AIM OF THE EXERCISE: If a line of the listing contains the string "format", return that line.

----------

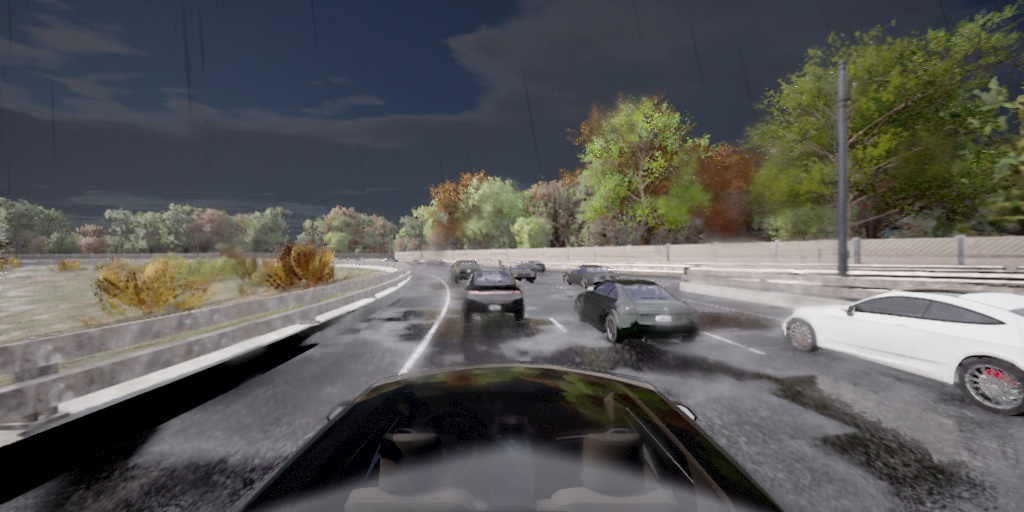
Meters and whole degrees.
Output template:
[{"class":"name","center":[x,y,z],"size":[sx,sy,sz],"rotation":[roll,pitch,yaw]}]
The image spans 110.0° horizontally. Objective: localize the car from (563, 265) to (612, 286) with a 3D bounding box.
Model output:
[{"class":"car","center":[4.863,1.281,22.522],"size":[2.033,1.411,5.357],"rotation":[0,0,-12]}]

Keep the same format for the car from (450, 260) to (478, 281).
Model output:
[{"class":"car","center":[-3.639,1.115,28.064],"size":[2.097,1.767,4.553],"rotation":[0,0,-14]}]

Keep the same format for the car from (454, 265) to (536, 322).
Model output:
[{"class":"car","center":[-0.730,1.245,12.419],"size":[2.128,1.511,4.902],"rotation":[0,0,-6]}]

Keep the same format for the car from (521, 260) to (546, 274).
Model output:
[{"class":"car","center":[1.785,1.225,39.604],"size":[2.128,1.511,4.902],"rotation":[0,0,-31]}]

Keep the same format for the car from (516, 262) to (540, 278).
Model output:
[{"class":"car","center":[0.307,1.350,26.908],"size":[1.895,1.301,4.718],"rotation":[0,0,-13]}]

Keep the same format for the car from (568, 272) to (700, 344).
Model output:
[{"class":"car","center":[3.063,1.304,9.647],"size":[1.994,1.385,4.181],"rotation":[0,0,-5]}]

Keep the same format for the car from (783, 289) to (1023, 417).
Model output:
[{"class":"car","center":[6.834,1.252,5.794],"size":[1.812,1.442,4.674],"rotation":[0,0,-2]}]

----------

RESULT OF THE EXERCISE:
Keep the same format for the car from (450, 260) to (478, 281).
Keep the same format for the car from (454, 265) to (536, 322).
Keep the same format for the car from (521, 260) to (546, 274).
Keep the same format for the car from (516, 262) to (540, 278).
Keep the same format for the car from (568, 272) to (700, 344).
Keep the same format for the car from (783, 289) to (1023, 417).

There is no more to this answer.